◆ **WORK REQUIRED**: Copy all the lines of the data that include the word "right".

(Extracted data entries)
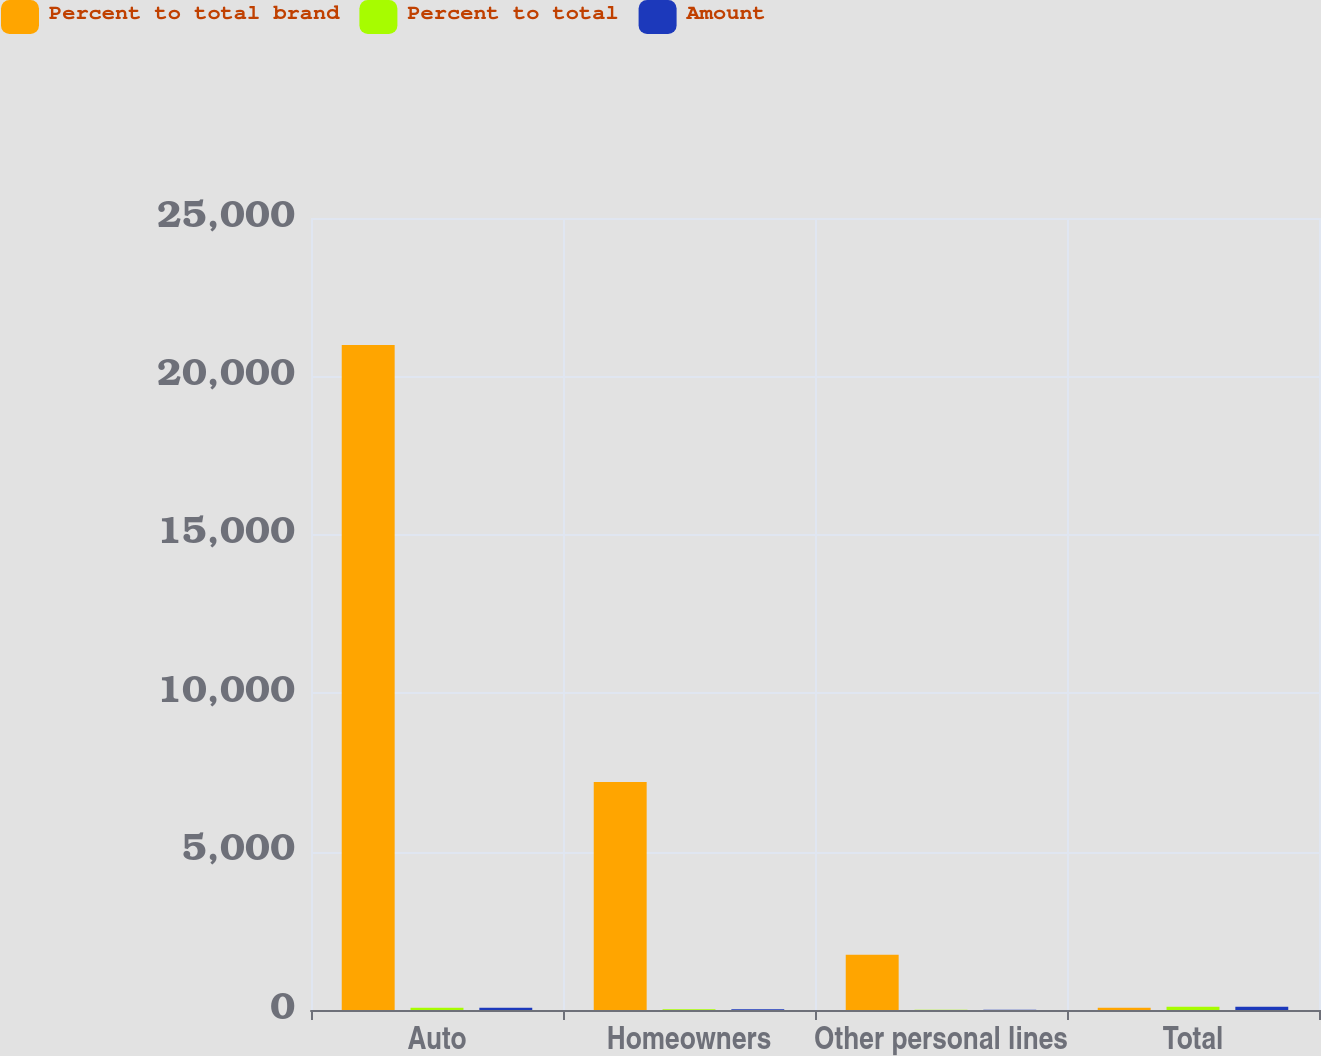<chart> <loc_0><loc_0><loc_500><loc_500><stacked_bar_chart><ecel><fcel>Auto<fcel>Homeowners<fcel>Other personal lines<fcel>Total<nl><fcel>Percent to total brand<fcel>20991<fcel>7199<fcel>1742<fcel>69.6<nl><fcel>Percent to total<fcel>68.6<fcel>23.5<fcel>5.7<fcel>100<nl><fcel>Amount<fcel>69.6<fcel>22.9<fcel>5.5<fcel>100<nl></chart> 
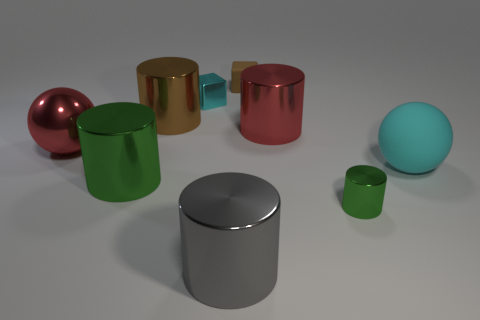Add 1 cyan cubes. How many objects exist? 10 Subtract all big red cylinders. How many cylinders are left? 4 Subtract all cylinders. How many objects are left? 4 Subtract 5 cylinders. How many cylinders are left? 0 Subtract 0 gray balls. How many objects are left? 9 Subtract all green balls. Subtract all blue blocks. How many balls are left? 2 Subtract all green spheres. How many red cylinders are left? 1 Subtract all purple objects. Subtract all large gray shiny cylinders. How many objects are left? 8 Add 2 big matte spheres. How many big matte spheres are left? 3 Add 6 big gray matte things. How many big gray matte things exist? 6 
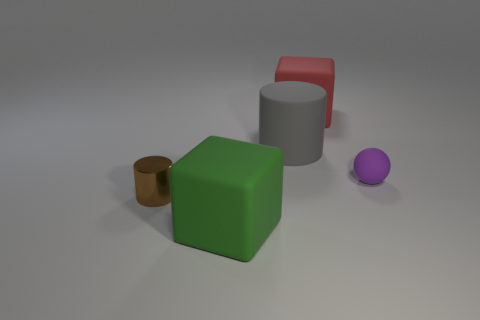Is there anything else that has the same shape as the tiny purple object?
Provide a short and direct response. No. The thing that is both on the right side of the brown object and in front of the tiny purple matte thing is what color?
Give a very brief answer. Green. How many tiny cubes are there?
Your response must be concise. 0. Does the metal object have the same size as the rubber ball?
Ensure brevity in your answer.  Yes. Do the tiny thing left of the large red rubber block and the gray matte object have the same shape?
Ensure brevity in your answer.  Yes. What number of blue rubber things are the same size as the green object?
Offer a very short reply. 0. There is a large object that is right of the matte cylinder; how many big green objects are in front of it?
Your answer should be very brief. 1. Is the material of the tiny ball that is to the right of the tiny brown object the same as the brown cylinder?
Your answer should be compact. No. Do the cylinder left of the large green matte cube and the block right of the large green matte block have the same material?
Offer a very short reply. No. Is the number of cubes that are in front of the big red matte object greater than the number of yellow rubber cubes?
Offer a very short reply. Yes. 
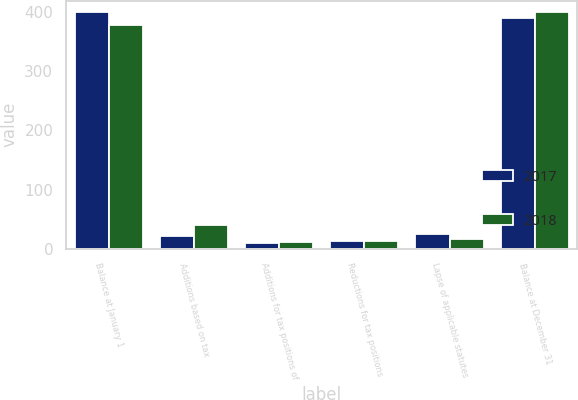<chart> <loc_0><loc_0><loc_500><loc_500><stacked_bar_chart><ecel><fcel>Balance at January 1<fcel>Additions based on tax<fcel>Additions for tax positions of<fcel>Reductions for tax positions<fcel>Lapse of applicable statutes<fcel>Balance at December 31<nl><fcel>2017<fcel>399<fcel>22<fcel>10<fcel>14<fcel>25<fcel>390<nl><fcel>2018<fcel>377<fcel>40<fcel>11<fcel>13<fcel>16<fcel>399<nl></chart> 
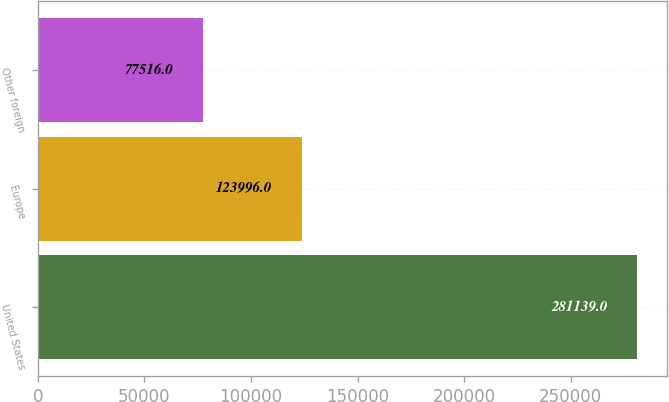Convert chart. <chart><loc_0><loc_0><loc_500><loc_500><bar_chart><fcel>United States<fcel>Europe<fcel>Other foreign<nl><fcel>281139<fcel>123996<fcel>77516<nl></chart> 
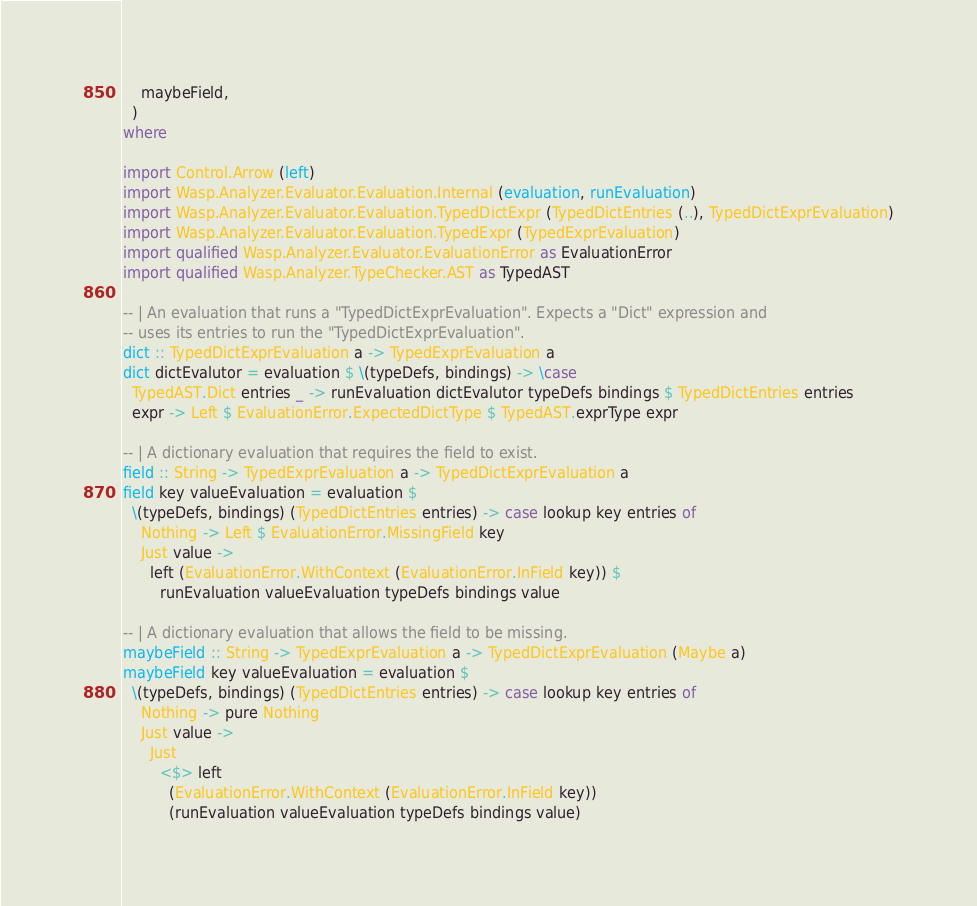Convert code to text. <code><loc_0><loc_0><loc_500><loc_500><_Haskell_>    maybeField,
  )
where

import Control.Arrow (left)
import Wasp.Analyzer.Evaluator.Evaluation.Internal (evaluation, runEvaluation)
import Wasp.Analyzer.Evaluator.Evaluation.TypedDictExpr (TypedDictEntries (..), TypedDictExprEvaluation)
import Wasp.Analyzer.Evaluator.Evaluation.TypedExpr (TypedExprEvaluation)
import qualified Wasp.Analyzer.Evaluator.EvaluationError as EvaluationError
import qualified Wasp.Analyzer.TypeChecker.AST as TypedAST

-- | An evaluation that runs a "TypedDictExprEvaluation". Expects a "Dict" expression and
-- uses its entries to run the "TypedDictExprEvaluation".
dict :: TypedDictExprEvaluation a -> TypedExprEvaluation a
dict dictEvalutor = evaluation $ \(typeDefs, bindings) -> \case
  TypedAST.Dict entries _ -> runEvaluation dictEvalutor typeDefs bindings $ TypedDictEntries entries
  expr -> Left $ EvaluationError.ExpectedDictType $ TypedAST.exprType expr

-- | A dictionary evaluation that requires the field to exist.
field :: String -> TypedExprEvaluation a -> TypedDictExprEvaluation a
field key valueEvaluation = evaluation $
  \(typeDefs, bindings) (TypedDictEntries entries) -> case lookup key entries of
    Nothing -> Left $ EvaluationError.MissingField key
    Just value ->
      left (EvaluationError.WithContext (EvaluationError.InField key)) $
        runEvaluation valueEvaluation typeDefs bindings value

-- | A dictionary evaluation that allows the field to be missing.
maybeField :: String -> TypedExprEvaluation a -> TypedDictExprEvaluation (Maybe a)
maybeField key valueEvaluation = evaluation $
  \(typeDefs, bindings) (TypedDictEntries entries) -> case lookup key entries of
    Nothing -> pure Nothing
    Just value ->
      Just
        <$> left
          (EvaluationError.WithContext (EvaluationError.InField key))
          (runEvaluation valueEvaluation typeDefs bindings value)
</code>

◆ **TASK ANSWER**:
Provide a short and direct response. No. The thing that is both on the right side of the brown object and in front of the tiny purple matte thing is what color?
Offer a very short reply. 0. There is a large object that is right of the matte cylinder; how many big green objects are in front of it?
Your answer should be very brief. 1. Is the material of the tiny ball that is to the right of the tiny brown object the same as the brown cylinder?
Your answer should be compact. No. Do the cylinder left of the large green matte cube and the block right of the large green matte block have the same material?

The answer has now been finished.